Go through the entries and copy every line that has the string "starting" in it.

RAW DATA

▼▼▼

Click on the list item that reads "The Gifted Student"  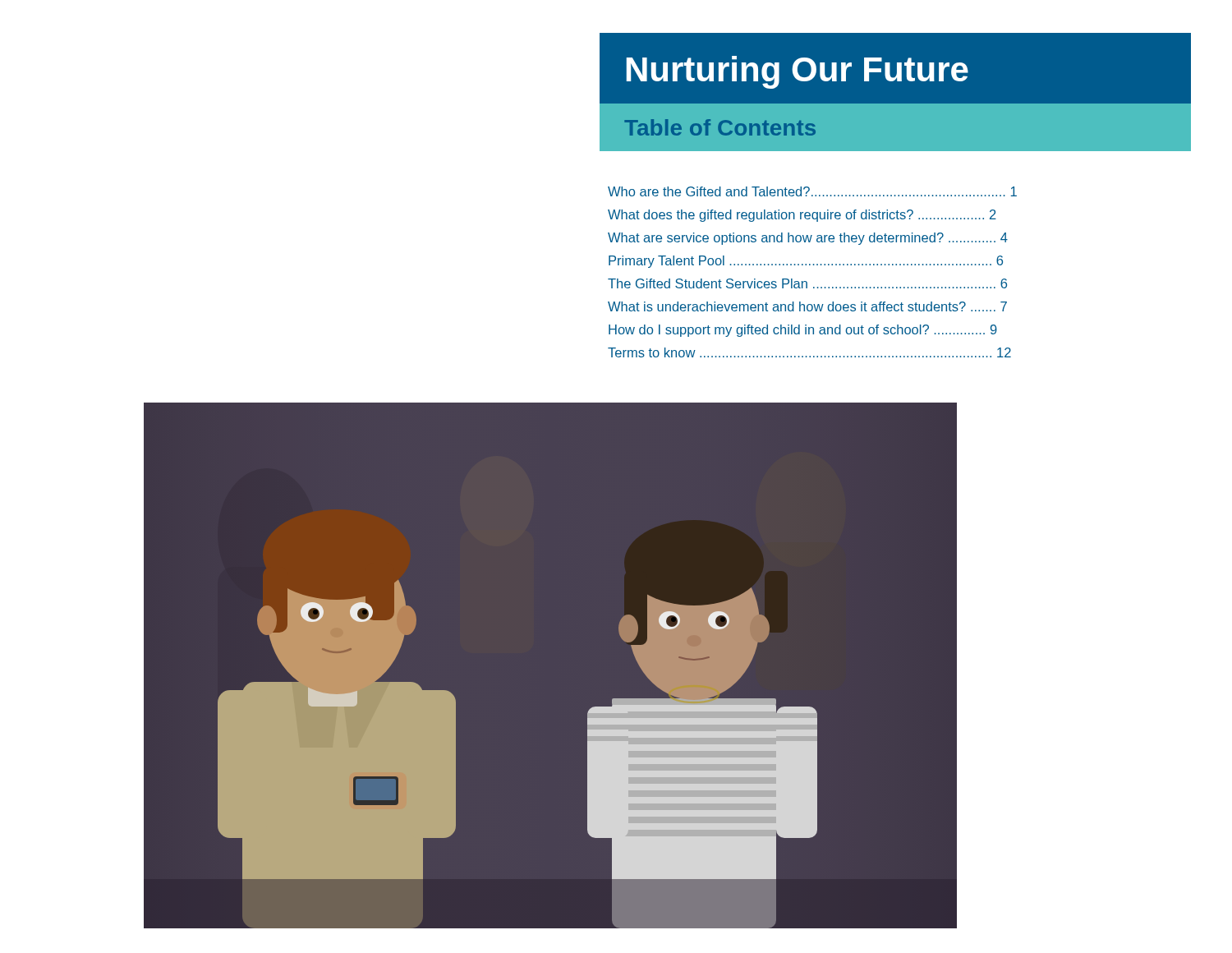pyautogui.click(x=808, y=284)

▲▲▲
▼▼▼

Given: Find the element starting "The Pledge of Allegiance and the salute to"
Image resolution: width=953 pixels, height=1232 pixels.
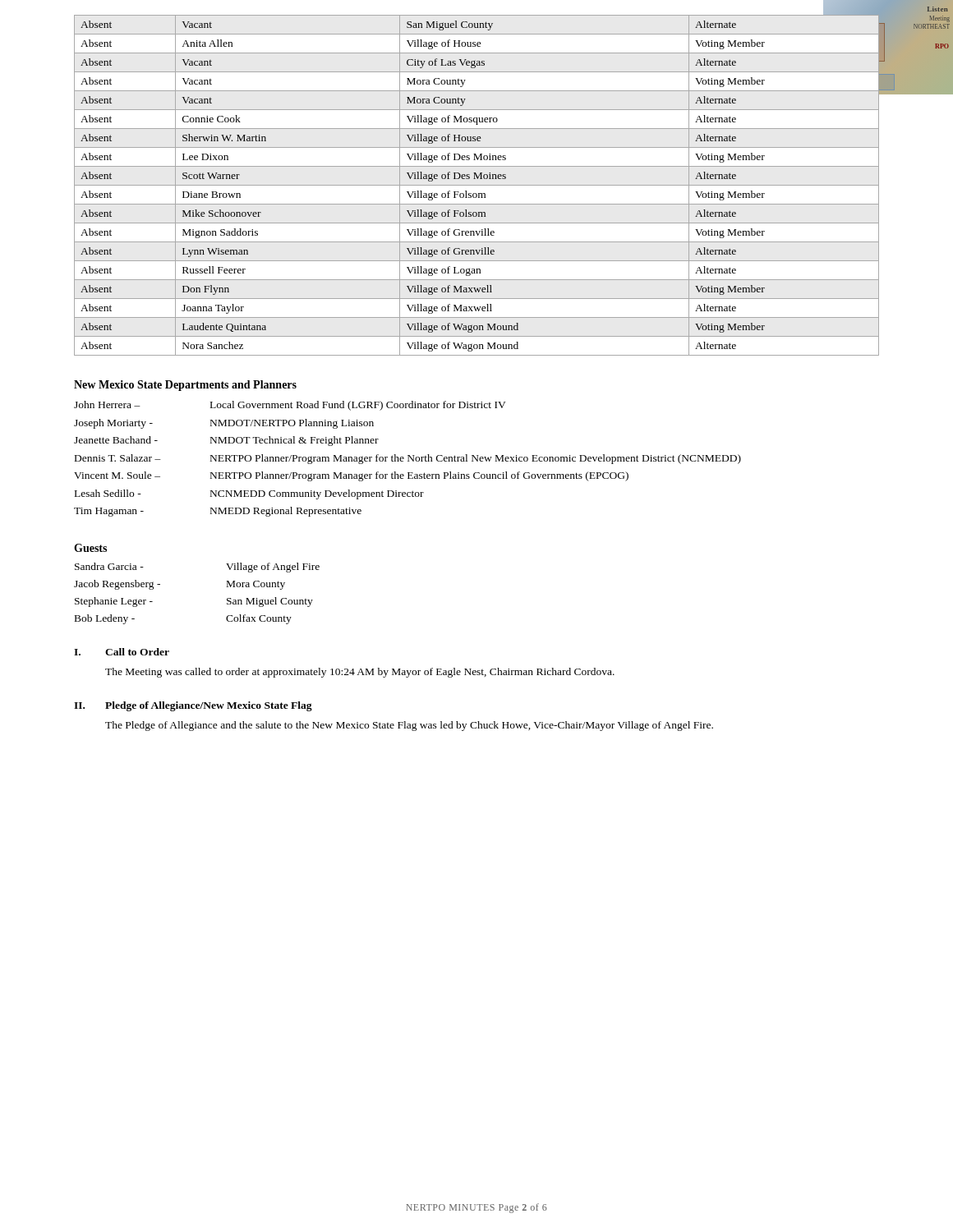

▲▲▲
▼▼▼

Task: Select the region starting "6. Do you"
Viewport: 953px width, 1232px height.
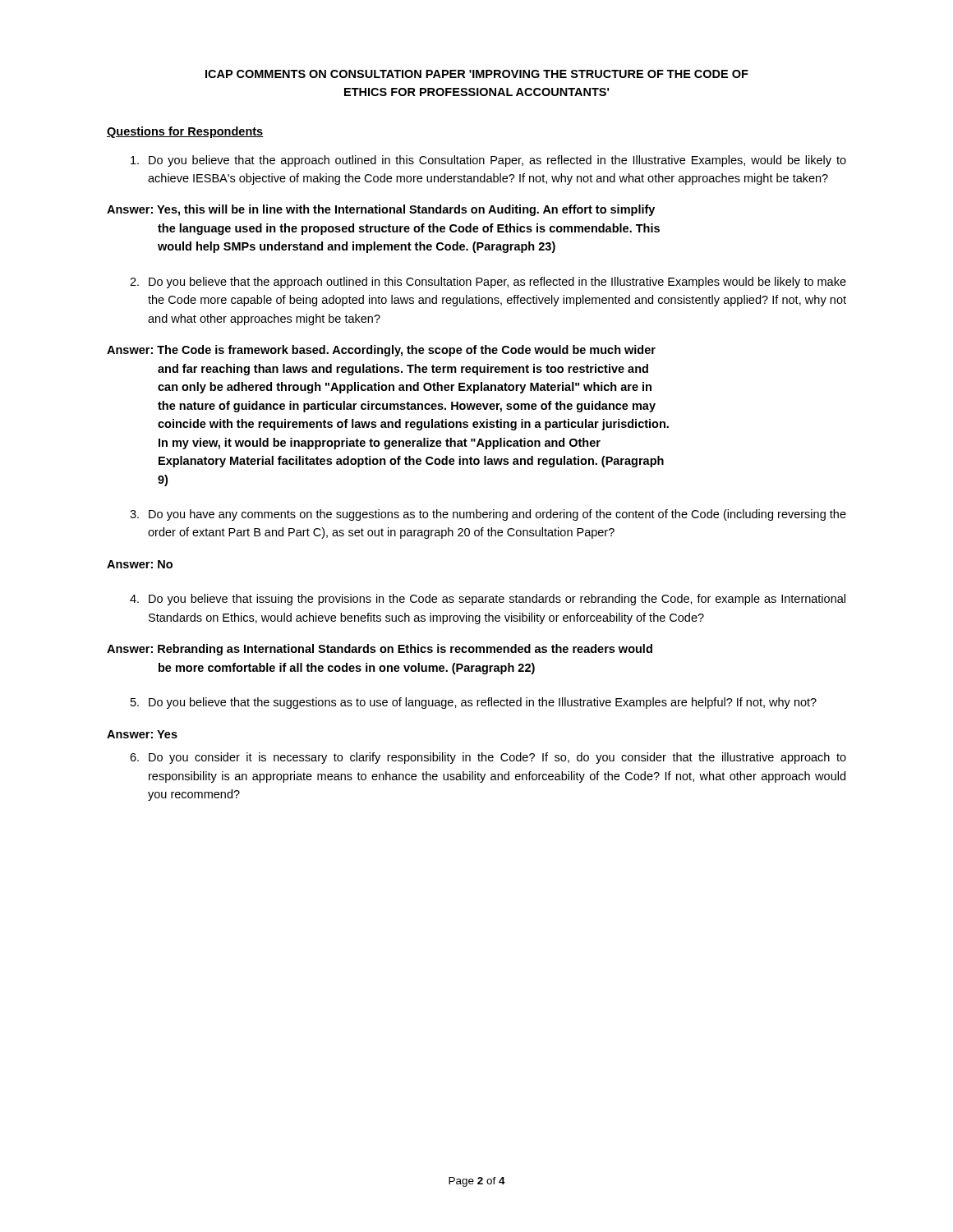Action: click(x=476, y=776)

▲▲▲

RESULT FOR THIS TASK
Given: Find the element starting "The Pledge of Allegiance and the salute to"
Task: Select the region starting "6. Do you"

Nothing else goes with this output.